→ Problem details: Nothing is needed except the lines below that run from the one with "text A Keep" through the one with "subtitle 3.1.4.5 Keep", repeated exactly.

──────────

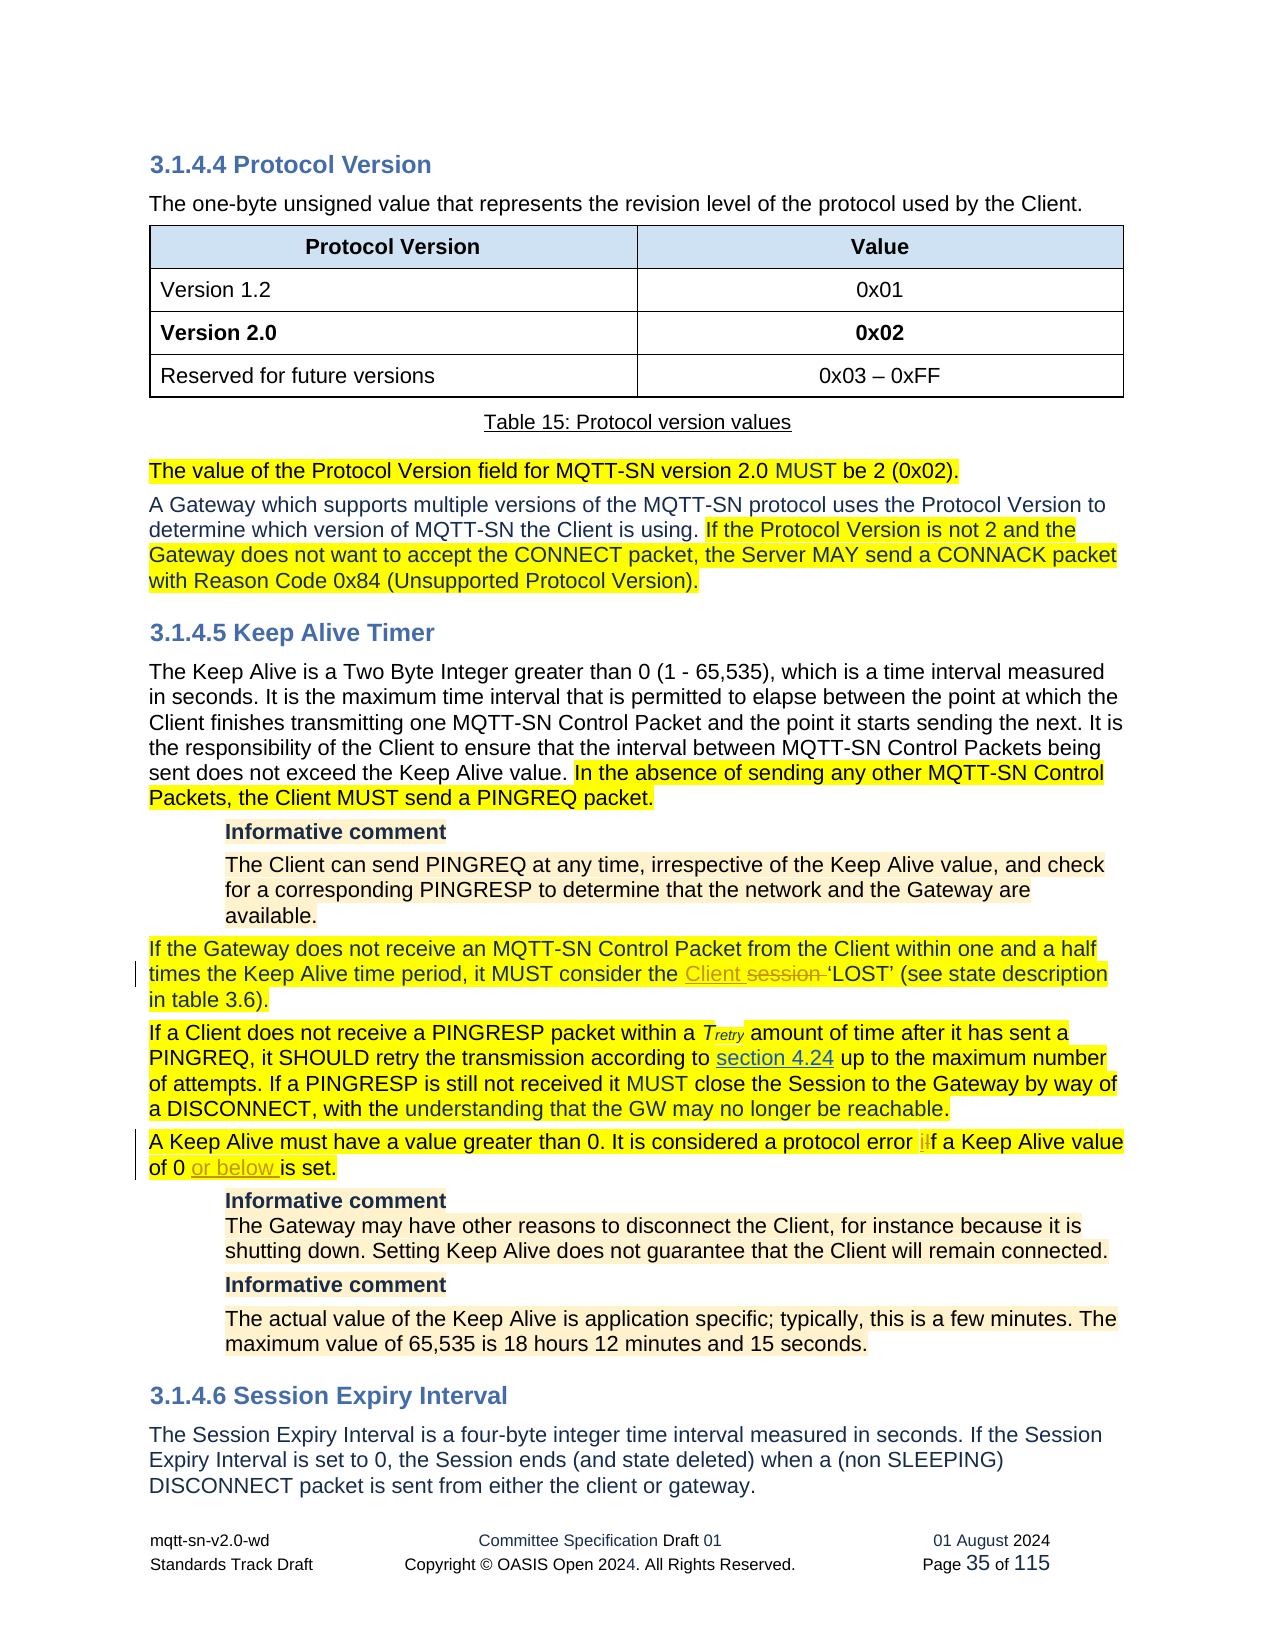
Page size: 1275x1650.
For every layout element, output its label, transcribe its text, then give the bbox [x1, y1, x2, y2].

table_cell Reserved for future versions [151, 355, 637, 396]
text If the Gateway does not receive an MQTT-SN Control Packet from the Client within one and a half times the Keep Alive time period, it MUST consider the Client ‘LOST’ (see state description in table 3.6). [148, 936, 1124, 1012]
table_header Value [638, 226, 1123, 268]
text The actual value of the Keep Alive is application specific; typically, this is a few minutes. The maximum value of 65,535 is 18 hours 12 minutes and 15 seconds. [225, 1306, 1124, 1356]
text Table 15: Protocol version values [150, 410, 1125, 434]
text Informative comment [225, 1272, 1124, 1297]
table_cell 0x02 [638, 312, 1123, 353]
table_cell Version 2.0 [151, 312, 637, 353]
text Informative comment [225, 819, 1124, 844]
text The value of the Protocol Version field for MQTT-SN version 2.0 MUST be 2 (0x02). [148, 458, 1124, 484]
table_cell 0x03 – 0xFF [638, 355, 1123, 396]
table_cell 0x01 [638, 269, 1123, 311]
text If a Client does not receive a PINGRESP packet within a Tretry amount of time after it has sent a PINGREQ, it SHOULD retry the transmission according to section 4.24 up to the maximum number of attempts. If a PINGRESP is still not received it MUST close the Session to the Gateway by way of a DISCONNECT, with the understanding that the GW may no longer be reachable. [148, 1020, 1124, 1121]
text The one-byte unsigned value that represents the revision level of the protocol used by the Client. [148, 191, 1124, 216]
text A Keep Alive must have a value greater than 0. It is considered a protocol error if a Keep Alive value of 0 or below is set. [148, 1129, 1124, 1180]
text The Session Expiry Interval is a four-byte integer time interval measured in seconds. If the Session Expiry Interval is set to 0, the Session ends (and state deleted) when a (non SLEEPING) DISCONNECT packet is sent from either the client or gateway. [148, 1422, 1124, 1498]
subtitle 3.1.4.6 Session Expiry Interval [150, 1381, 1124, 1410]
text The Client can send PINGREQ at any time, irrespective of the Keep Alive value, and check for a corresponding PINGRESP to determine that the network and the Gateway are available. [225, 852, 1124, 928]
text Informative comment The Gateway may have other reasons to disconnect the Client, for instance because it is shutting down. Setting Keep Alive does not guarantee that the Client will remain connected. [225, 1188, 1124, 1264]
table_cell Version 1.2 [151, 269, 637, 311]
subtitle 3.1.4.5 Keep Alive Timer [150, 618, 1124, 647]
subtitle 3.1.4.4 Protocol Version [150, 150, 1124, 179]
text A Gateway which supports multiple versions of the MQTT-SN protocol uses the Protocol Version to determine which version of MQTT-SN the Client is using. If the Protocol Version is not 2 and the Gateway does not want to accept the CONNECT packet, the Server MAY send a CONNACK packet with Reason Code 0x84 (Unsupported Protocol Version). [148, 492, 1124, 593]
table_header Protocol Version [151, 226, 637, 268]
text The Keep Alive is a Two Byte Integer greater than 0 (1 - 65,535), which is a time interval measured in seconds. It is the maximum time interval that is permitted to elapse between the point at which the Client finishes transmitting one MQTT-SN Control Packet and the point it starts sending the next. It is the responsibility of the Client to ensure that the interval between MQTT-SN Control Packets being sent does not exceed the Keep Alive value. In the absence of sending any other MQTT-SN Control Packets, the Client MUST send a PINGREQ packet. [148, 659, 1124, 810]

──────────

→ Written solution:
text A Keep Alive must have a value greater than 0. It is considered a protocol error if a Keep Alive value of 0 or below is set. [148, 1129, 1124, 1180]
text The Session Expiry Interval is a four-byte integer time interval measured in seconds. If the Session Expiry Interval is set to 0, the Session ends (and state deleted) when a (non SLEEPING) DISCONNECT packet is sent from either the client or gateway. [148, 1422, 1124, 1498]
subtitle 3.1.4.6 Session Expiry Interval [150, 1381, 1124, 1410]
text The Client can send PINGREQ at any time, irrespective of the Keep Alive value, and check for a corresponding PINGRESP to determine that the network and the Gateway are available. [225, 852, 1124, 928]
text Informative comment The Gateway may have other reasons to disconnect the Client, for instance because it is shutting down. Setting Keep Alive does not guarantee that the Client will remain connected. [225, 1188, 1124, 1264]
table_cell Version 1.2 [151, 269, 637, 311]
subtitle 3.1.4.5 Keep Alive Timer [150, 618, 1124, 647]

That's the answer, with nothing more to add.